Jeffery Strich, M.D.        

Behind the Mask Interview

October 15, 2020


Barr: Good afternoon. I’m Gabrielle Barr of the Office of NIH History and Stetten Museum.  It’s October 15, 2020 and I have the opportunity to talk to Dr. Jeffrey Strich. Dr. Strich is a staff clinician at the Critical Care Medicine Department at NIH’s Clinical Center. Thank you very much for being with us. We have several questions because you have been very, very involved in a lot of COVID-19 research and care and very interesting experiences. Our first question is: Can you elaborate about your study that appeared in Lancet Infectious Diseases that looks at the mounting need to develop new antibiotics to treat drug resistant infections and discuss how your research has affected the way physicians across the country have approached caring for coronavirus cases.


Strich: Yes. And first of all, thank you for the opportunity to speak with you today. Prior to COVID-19 my interest evolved around the treatment, epidemiology, and development of new antibiotics for highly resistant gram-negative infections. We were working on a study to evaluate what the market size looked like for future antibiotics. One big problem in the space of antibiotics is that there’s a significant number of patients who die each year from antibiotic resistant infections and the antibiotics development space is lagging behind in its abilities to develop new antibiotics for the future.

The goal of that study you’re referring to was to evaluate how many treatment opportunities there are for patients who have highly resistant gram-negative infections and to quantify that as it relates to development of new antibiotics. What we found was that overall there’s a low number of antibiotic resistant infections out there which is part of the reason why antibiotic and pharmaceutical companies aren’t particularly interested in developing new antibiotics because there is not a strong market for their future use down the road. What we concluded from this study again is that the market size is small.

I think that one of the take-home messages between what’s going on right now with COVID-19 and the realm of antibiotic development is really one of preparedness—national security—being ready for future infections. If we do not continue to develop new antibiotics, there could be a time when the number of infections continues to increase and we see ourselves in a scenario [such as] we are today with ineffective therapies and rushing to do big clinical trials in the middle of a pandemic. The ACTT (Adaptive COVID-19 Treatment Trial) studies are a group of studies that intramural investigators at the NIH enrolled patients in during the initial surges of pandemic in an attempt to find effective therapies.  It’s very, very difficult. What we don’t want to do is let our antibiotic development lag behind and then be not prepared when these numbers of infections persistently increase over time.

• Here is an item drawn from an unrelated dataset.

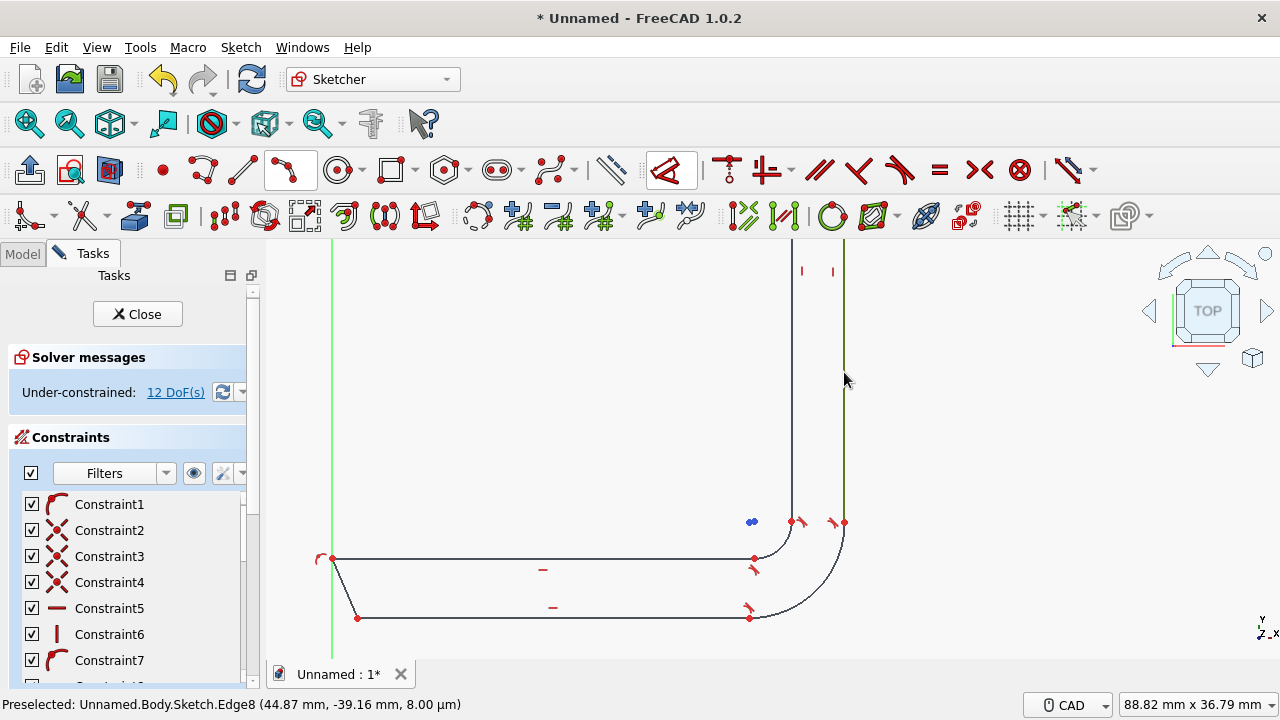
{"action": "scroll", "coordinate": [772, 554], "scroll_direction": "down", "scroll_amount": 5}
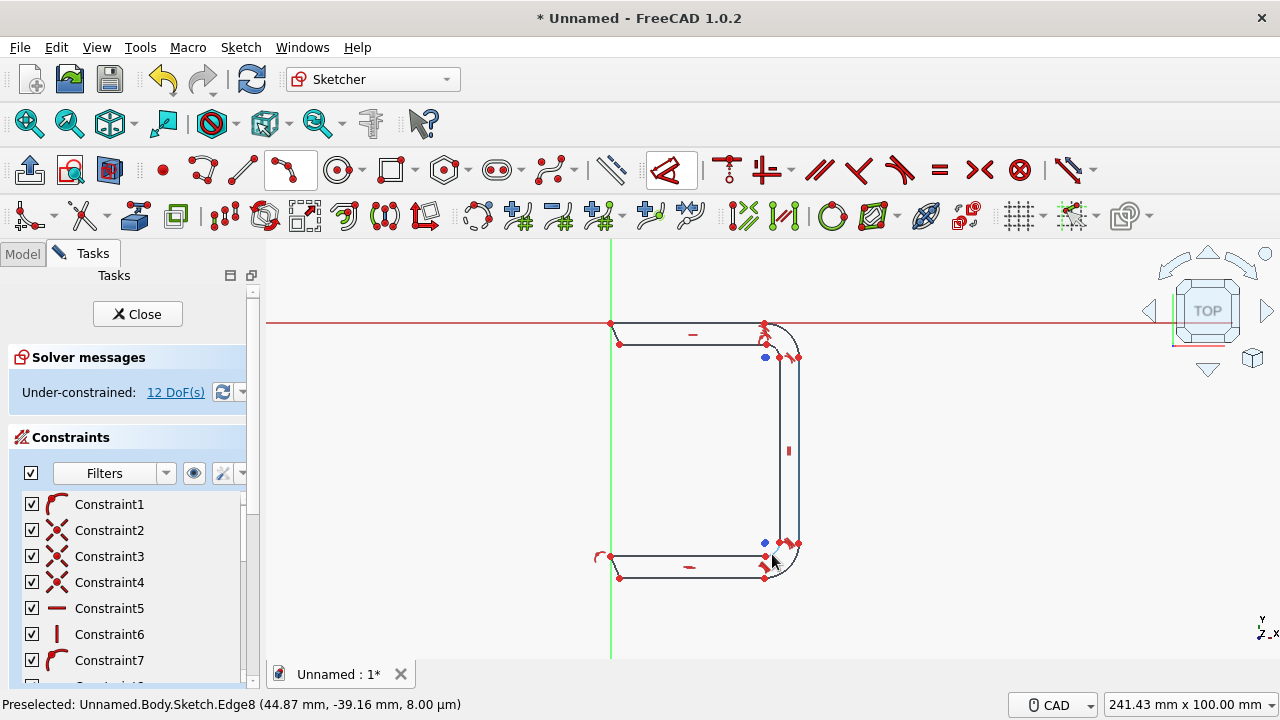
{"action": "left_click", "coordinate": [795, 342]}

Barr: Definitely. Currently you’re involved in another study which is sponsored by the [National] Heart, Lung, and Blood Institute in collaboration with INOVA Health Systems that’s evaluating the safety of fostamatinib —I don’t know if I am saying that correctly—in comparison to a placebo and how to assess the disease progression in COVID-19 patients. First, can you define “fostamatinib” for those of us without a scientific background and why that is so important in treating and preventing conditions in COVID-19 patients?


Strich: That’s a great question. The drug is called fostamatinib. It’s a spleen tyrosine kinase inhibitor that we hope can dampen the immune response that patients develop that lead to some of the clinical outcomes that we see in patients with COVID-19.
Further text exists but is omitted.